### Exercise
Your answer should hold each line of the material that contains the word "example".

### Supplied material
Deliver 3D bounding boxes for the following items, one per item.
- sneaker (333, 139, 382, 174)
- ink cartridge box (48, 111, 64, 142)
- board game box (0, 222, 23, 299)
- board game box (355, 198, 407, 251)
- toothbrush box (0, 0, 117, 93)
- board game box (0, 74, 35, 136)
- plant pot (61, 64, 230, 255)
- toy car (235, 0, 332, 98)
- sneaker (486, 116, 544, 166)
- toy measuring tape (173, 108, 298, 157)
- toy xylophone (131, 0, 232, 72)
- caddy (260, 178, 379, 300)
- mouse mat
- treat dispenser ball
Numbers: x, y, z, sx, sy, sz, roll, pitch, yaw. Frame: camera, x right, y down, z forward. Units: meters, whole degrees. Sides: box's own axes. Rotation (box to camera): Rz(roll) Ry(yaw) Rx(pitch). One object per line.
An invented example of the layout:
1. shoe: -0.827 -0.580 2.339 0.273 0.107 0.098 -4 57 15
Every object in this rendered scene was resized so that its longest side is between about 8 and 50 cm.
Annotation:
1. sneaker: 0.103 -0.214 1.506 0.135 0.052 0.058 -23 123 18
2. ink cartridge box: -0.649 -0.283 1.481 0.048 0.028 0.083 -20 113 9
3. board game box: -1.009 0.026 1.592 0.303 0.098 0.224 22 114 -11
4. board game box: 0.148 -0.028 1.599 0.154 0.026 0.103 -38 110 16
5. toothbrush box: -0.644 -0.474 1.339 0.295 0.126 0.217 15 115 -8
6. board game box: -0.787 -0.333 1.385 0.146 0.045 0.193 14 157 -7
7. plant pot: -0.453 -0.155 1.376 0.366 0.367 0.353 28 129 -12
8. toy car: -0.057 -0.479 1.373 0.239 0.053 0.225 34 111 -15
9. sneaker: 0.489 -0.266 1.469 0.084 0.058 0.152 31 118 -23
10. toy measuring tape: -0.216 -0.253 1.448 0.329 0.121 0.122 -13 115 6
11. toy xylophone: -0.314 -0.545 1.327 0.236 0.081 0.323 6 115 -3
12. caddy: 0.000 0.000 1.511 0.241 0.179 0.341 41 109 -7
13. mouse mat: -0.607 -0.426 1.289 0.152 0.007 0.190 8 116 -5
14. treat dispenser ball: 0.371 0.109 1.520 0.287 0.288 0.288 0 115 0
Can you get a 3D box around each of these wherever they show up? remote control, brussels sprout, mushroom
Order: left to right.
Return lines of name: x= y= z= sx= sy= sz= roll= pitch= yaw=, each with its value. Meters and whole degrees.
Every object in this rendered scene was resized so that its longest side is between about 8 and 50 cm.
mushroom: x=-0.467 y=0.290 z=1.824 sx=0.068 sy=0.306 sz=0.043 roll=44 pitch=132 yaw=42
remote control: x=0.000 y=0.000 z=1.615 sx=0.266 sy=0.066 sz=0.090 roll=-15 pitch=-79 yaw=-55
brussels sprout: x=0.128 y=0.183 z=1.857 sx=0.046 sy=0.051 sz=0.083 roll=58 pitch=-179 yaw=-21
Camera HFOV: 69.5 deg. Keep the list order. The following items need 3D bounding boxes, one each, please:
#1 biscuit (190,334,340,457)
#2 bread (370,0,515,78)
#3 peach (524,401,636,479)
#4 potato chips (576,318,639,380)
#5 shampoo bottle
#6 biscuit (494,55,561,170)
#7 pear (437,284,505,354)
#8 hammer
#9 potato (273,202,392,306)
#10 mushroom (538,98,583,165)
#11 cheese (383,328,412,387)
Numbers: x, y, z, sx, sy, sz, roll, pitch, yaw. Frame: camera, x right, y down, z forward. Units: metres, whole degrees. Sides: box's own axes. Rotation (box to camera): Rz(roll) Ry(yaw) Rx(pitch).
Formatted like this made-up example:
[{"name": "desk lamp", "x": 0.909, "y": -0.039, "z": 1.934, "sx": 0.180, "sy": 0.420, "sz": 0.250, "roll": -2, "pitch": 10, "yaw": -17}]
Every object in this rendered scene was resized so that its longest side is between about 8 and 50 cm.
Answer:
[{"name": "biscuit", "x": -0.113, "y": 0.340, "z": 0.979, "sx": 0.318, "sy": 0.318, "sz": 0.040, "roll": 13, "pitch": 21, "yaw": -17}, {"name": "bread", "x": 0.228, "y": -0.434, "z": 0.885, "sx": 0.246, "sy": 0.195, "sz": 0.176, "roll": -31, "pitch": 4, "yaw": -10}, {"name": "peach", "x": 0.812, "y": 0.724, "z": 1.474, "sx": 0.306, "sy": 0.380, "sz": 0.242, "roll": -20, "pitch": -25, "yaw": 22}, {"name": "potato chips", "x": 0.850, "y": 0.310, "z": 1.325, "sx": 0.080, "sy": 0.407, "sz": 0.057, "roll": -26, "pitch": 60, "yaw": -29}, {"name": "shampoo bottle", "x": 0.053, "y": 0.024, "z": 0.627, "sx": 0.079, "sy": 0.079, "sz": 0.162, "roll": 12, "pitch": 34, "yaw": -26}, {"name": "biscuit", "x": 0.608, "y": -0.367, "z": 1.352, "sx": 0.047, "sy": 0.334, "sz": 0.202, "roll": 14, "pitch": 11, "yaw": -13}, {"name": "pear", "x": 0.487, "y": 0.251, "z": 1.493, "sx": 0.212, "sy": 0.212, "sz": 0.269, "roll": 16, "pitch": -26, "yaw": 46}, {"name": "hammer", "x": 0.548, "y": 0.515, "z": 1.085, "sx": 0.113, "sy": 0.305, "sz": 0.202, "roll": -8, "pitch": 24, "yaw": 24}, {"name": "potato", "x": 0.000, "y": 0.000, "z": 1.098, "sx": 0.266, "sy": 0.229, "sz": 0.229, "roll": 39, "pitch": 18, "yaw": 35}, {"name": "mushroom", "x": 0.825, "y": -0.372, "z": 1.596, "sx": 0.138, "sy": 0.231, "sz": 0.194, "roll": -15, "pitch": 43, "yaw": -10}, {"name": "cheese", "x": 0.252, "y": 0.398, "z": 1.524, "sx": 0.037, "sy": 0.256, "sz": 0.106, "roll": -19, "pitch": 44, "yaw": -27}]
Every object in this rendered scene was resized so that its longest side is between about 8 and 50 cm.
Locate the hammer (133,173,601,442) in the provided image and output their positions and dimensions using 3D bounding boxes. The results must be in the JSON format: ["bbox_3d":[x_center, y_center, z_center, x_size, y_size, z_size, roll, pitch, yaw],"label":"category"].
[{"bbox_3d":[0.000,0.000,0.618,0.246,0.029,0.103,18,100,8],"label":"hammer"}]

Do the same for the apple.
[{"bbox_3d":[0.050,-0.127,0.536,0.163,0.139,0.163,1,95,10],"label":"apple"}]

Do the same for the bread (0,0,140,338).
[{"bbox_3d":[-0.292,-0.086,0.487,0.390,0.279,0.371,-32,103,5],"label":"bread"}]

### Result for this task
An invented example of the layout:
Formatted like this made-up example:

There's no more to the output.